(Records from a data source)
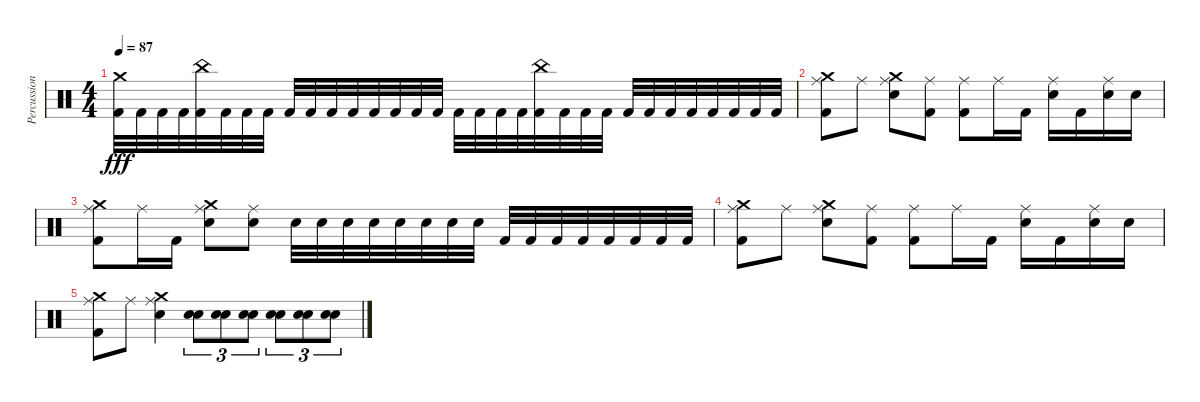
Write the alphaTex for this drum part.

\track ("Percussion" "Percussion") {instrument percussion}
\staff {score}
\articulation defaults
\ts (4 4)
\tempo 87
\clef neutral
\ks c
("Crash medium (hit)" "Kick (hit) 2").32{dy fff} "Kick (hit) 2".32 "Kick (hit) 2".32 "Kick (hit) 2".32 ("China (hit)" "Kick (hit) 2").32 "Kick (hit) 2".32 "Kick (hit) 2".32 "Kick (hit) 2".32 "Kick (hit) 2".32 "Kick (hit) 2".32 "Kick (hit) 2".32 "Kick (hit) 2".32 "Kick (hit) 2".32 "Kick (hit) 2".32 "Kick (hit) 2".32 "Kick (hit) 2".32 "Kick (hit) 2".32 "Kick (hit) 2".32 "Kick (hit) 2".32 "Kick (hit) 2".32 ("China (hit)" "Kick (hit) 2").32 "Kick (hit) 2".32 "Kick (hit) 2".32 "Kick (hit) 2".32 "Kick (hit) 2".32 "Kick (hit) 2".32 "Kick (hit) 2".32 "Kick (hit) 2".32 "Kick (hit) 2".32 "Kick (hit) 2".32 "Kick (hit) 2".32 "Kick (hit) 2".32 |
("Ride (middle)" "Crash medium (hit)" "Kick (hit) 2").8 "Ride (middle)".8 ("Ride (middle)" "Crash medium (hit)" "Electric Snare (hit)").8 ("Ride (middle)" "Kick (hit) 2").8 ("Ride (middle)" "Kick (hit) 2").8 "Ride (middle)".16 "Kick (hit) 2".16 ("Ride (middle)" "Electric Snare (hit)").16 "Kick (hit) 2".16 ("Ride (middle)" "Electric Snare (hit)").16 "Electric Snare (hit)".16 |
("Ride (middle)" "Crash medium (hit)" "Kick (hit) 2").8 "Ride (middle)".16 "Kick (hit) 2".16 ("Ride (middle)" "Crash medium (hit)" "Electric Snare (hit)").8 ("Ride (middle)" "Electric Snare (hit)").8 "Electric Snare (hit)".32 "Electric Snare (hit)".32 "Electric Snare (hit)".32 "Electric Snare (hit)".32 "Electric Snare (hit)".32 "Electric Snare (hit)".32 "Electric Snare (hit)".32 "Electric Snare (hit)".32 "Kick (hit) 2".32 "Kick (hit) 2".32 "Kick (hit) 2".32 "Kick (hit) 2".32 "Kick (hit) 2".32 "Kick (hit) 2".32 "Kick (hit) 2".32 "Kick (hit) 2".32 |
("Ride (middle)" "Crash medium (hit)" "Kick (hit) 2").8 "Ride (middle)".8 ("Ride (middle)" "Crash medium (hit)" "Electric Snare (hit)").8 ("Ride (middle)" "Kick (hit) 2").8 ("Ride (middle)" "Kick (hit) 2").8 "Ride (middle)".16 "Kick (hit) 2".16 ("Ride (middle)" "Electric Snare (hit)").16 "Kick (hit) 2".16 ("Ride (middle)" "Electric Snare (hit)").16 "Electric Snare (hit)".16 |
("Ride (middle)" "Crash medium (hit)" "Kick (hit) 2").8 "Ride (middle)".8 ("Ride (middle)" "Crash medium (hit)" "Electric Snare (hit)").4 ("Electric Snare (hit)" "Electric Snare (hit)").8{tu (3 2)} ("Electric Snare (hit)" "Electric Snare (hit)").8{tu (3 2)} ("Electric Snare (hit)" "Electric Snare (hit)").8{tu (3 2)} ("Electric Snare (hit)" "Electric Snare (hit)").8{tu (3 2)} ("Electric Snare (hit)" "Electric Snare (hit)").8{tu (3 2)} ("Electric Snare (hit)" "Electric Snare (hit)").8{tu (3 2)}

Required work> All that is wanted is the number of lines in the records that include the string "Electric".

Answer to this task> 4